Google confirms that 301 redirects are the essential mechanism for preserving rankings during a migration. Old content must always point to the new via this type of redirect. However, the phrasing suggests automatic preservation, while the reality shows frequent losses despite technically correct redirects.
What you need to understand
Why does Google emphasize 301 redirects so much?
The 301 redirect represents the clearest technical signal a website can send to search engines when changing a URL. It explicitly indicates that the content has permanently moved to a new address. Google interprets this HTTP code as an instruction for transferring SEO properties: crawl history, accumulated ranking signals, and especially PageRank conveyed by backlinks.
Unlike temporary redirects (302, 307), a 301 allows Google to consolidate the index. The old URL gradually disappears from search results in favor of the new one, which theoretically inherits its strength. Without this redirect, Google treats new URLs as blank pages, without history or authority.
What actually happens during the indexing phase?
When Googlebot encounters a 301, it follows the redirect and begins a process of content reevaluation. The engine checks that the destination page sufficiently matches the original to justify the signal transfer. This is not instantaneous: the old index coexists with the new for several days or even weeks.
The crawl budget plays a crucial role here. On a large site, Google may take weeks to discover and process all redirects. During this transition, some URLs display the cached old version while others show the new one. Position fluctuations are normal during this window.
Does this statement cover all migration scenarios?
Mueller's wording remains deliberately generic. It does not differentiate simple migrations (1:1 domain change) from deep redesigns with restructuring. Yet, these two cases carry radically different risks. A 1:1 migration generally retains about 85-95% of positions, while a redesign with content merging can lose 30-50%.
The statement also does not mention HTTPS migrations, URL structure changes (removal of parameters, transition to trailing slash), or cases where the content changes significantly.
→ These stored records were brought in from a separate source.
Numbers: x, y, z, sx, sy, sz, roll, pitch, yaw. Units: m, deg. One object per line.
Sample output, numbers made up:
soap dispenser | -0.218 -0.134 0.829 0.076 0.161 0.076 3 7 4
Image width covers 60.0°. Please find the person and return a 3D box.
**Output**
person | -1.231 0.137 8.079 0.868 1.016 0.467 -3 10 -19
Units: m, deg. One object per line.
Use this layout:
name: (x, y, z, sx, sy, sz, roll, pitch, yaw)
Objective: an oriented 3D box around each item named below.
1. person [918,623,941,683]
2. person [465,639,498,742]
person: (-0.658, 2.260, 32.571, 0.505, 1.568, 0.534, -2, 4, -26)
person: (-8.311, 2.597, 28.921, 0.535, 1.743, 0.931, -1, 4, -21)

The devil is in these details that Google brushes aside with a reassuring formula.
- 301 Redirect: permanent signal of URL relocation, allows for the theoretical transfer of SEO signals
- Adjustment period: several weeks may elapse before full index stabilization
- Content matching: Google assesses the similarity between the old and new pages before validating the transfer
- Crawl budget: limiting factor on large sites, not all redirects are processed simultaneously
- Generic phrasing: does not explicitly cover complex cases (mergers, editorial redesigns, structural changes)
SEO Expert opinion
Does this recommendation truly reflect the real-world reality of migrations?
Let’s be honest: Google’s wording suggests a near-automatic preservation of rankings if 301s are in place. Experience shows that it is rarely that simple. In numerous audited migrations, even with technically perfect redirects, there is consistently a temporary loss of 15-30% of organic traffic for 4 to 8 weeks.
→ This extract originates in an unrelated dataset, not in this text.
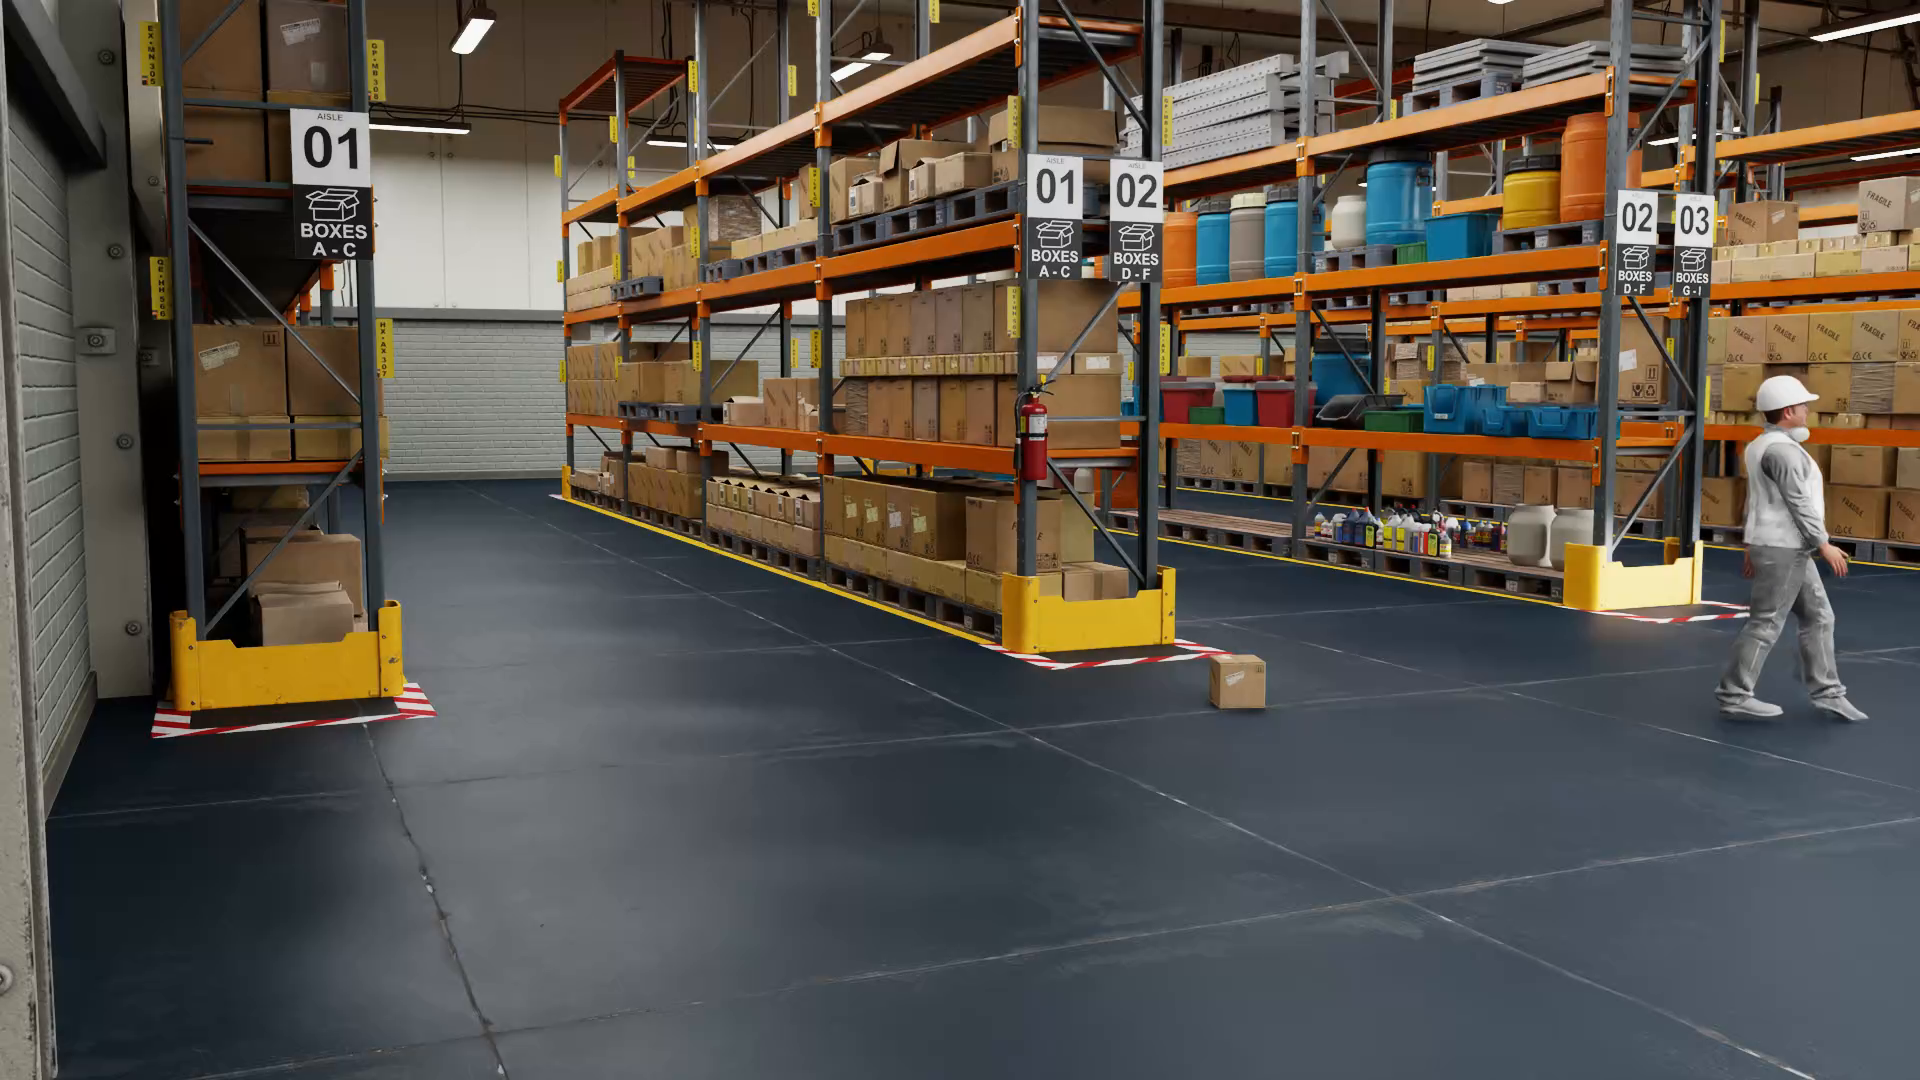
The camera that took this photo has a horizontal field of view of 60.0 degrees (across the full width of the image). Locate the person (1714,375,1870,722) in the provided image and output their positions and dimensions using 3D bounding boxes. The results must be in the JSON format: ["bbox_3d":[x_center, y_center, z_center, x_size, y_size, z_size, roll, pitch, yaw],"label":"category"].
[{"bbox_3d":[4.294,0.064,8.486,0.769,1.800,0.548,2,6,17],"label":"person"}]

Google does not clarify that the transfer of PageRank via 301 has not been total for years. Tests by Glenn Gabe and Marie Haynes suggest an estimated loss between 5% and 15% for each redirect hop. Chaining redirects increases this loss (A→B→C). [To be verified]: Google has never released official figures on this loss rate.
What critical factors does Google overlook in this statement?
The redirect response time is never mentioned, even though it directly impacts crawl budget. A 301 that adds 200ms of latency slows down the discovery of the new site. JavaScript or meta-refresh redirects, technically different from server 301s, are also not addressed.
Mueller does not talk about the tricky case of merged pages. When 5 old URLs redirect to 1 new consolidated page, Google has to choose which signals to retain. In practice, the resulting page rarely inherits the sum of authorities: it often ranks somewhere between the strongest and average of the old ones.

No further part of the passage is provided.